- Developer: Success
- Publishers: Tecmo Success (Saturn)
- Producer: Takato Yoshinari
- Designer: Masahiro Fukuda
- Programmer: Masaru Hatsuyama
- Artists: Hitoshi Nishimura Liu Xiangdong Toshihisa Katsuki
- Composer: Kenichi Hirata
- Series: Cotton
- Platforms: Arcade, Sega Saturn
- Release: ArcadeJP: November 1997; Sega SaturnJP: 4 December 1997;
- Genre: Scrolling shooter
- Modes: Single-player, multiplayer
- Arcade system: ST-V

= Cotton 2: Magical Night Dreams =

1997 video game

 is a 1997 scrolling shooter arcade video game developed by Success and published by Tecmo.
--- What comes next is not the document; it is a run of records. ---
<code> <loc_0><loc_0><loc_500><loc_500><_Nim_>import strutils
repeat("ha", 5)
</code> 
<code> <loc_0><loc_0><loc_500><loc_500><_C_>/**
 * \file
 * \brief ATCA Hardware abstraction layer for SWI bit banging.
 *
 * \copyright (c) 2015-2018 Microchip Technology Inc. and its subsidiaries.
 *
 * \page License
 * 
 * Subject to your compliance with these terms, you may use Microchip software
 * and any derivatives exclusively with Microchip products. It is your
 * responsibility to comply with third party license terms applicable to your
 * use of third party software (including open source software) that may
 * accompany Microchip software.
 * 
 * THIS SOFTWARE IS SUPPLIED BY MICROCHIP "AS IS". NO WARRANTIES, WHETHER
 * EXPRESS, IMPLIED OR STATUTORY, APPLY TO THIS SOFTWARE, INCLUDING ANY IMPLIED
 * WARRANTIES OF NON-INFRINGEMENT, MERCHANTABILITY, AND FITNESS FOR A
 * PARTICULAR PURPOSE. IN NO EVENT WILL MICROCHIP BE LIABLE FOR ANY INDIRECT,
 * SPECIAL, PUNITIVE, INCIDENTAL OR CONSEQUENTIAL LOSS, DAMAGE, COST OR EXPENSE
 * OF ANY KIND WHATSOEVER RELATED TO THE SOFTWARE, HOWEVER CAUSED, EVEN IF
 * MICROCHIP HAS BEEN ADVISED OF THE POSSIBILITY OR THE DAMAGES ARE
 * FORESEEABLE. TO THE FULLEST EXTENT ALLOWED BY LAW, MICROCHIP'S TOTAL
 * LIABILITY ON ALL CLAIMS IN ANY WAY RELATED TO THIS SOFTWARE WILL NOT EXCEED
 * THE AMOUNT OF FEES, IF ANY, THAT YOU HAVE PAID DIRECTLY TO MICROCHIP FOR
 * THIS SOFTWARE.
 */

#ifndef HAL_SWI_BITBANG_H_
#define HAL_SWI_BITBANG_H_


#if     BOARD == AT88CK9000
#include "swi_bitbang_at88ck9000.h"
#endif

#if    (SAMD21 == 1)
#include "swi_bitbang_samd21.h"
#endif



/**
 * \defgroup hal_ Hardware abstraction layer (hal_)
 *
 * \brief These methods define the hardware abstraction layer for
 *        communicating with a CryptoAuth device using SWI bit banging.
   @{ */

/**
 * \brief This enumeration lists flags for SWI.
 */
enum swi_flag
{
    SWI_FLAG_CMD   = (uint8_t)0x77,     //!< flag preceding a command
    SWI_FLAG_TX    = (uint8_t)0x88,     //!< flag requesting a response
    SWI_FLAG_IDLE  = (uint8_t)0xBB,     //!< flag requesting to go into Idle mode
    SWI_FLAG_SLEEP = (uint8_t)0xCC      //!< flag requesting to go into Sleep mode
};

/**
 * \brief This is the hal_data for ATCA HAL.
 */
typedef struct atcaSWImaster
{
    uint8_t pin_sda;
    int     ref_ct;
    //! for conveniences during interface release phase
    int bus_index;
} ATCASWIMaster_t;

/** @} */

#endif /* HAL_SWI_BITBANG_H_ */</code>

The fourth installment in the Cotton franchise, it is the arcade sequel to Cotton: Fantastic Night Dreams. In the game, the player assumes the role of either the titular young witch or her rival Appli who, alongside their companions Silk and Needle, sets out on a quest to defeat several monsters and return the missing "Bluewater Willow" candy to Pumpkin Kingdom. The gameplay is similar to the first game, consisting of shooting mixed with fighting and role-playing elements using a main three-button configuration. It ran on the ST-V hardware.

Headed by Takato Yoshinari, Cotton 2 was developed by members at Success who previously worked on the original Cotton. The game was later ported to Sega Saturn. In 1998, a remixed arcade edition titled Cotton Boomerang: Magical Night Dreams was released by Tecmo with additional characters, new gameplay and scoring systems, as well as altered stages and visuals. Both Cotton 2 and Cotton Boomerang were met with positive reception from critics since their release on Saturn, most of which reviewed them as import titles, for being faithful conversions of the arcade originals.

== Gameplay ==

Arcade version screenshot.

Cotton 2: Magical Night Dreams is a scrolling shooter game similar to Cotton: Fantastic Night Dreams. The player assumes the role of young witch Cotton or her rival Appil, who alongside their companions, the fairy Silk and the hat Needle, travel across seven increasingly difficult stages through a magical dream-like world on a quest to defeat several monsters and return the missing "Bluewater Willow" candy to Pumpkin Kingdom.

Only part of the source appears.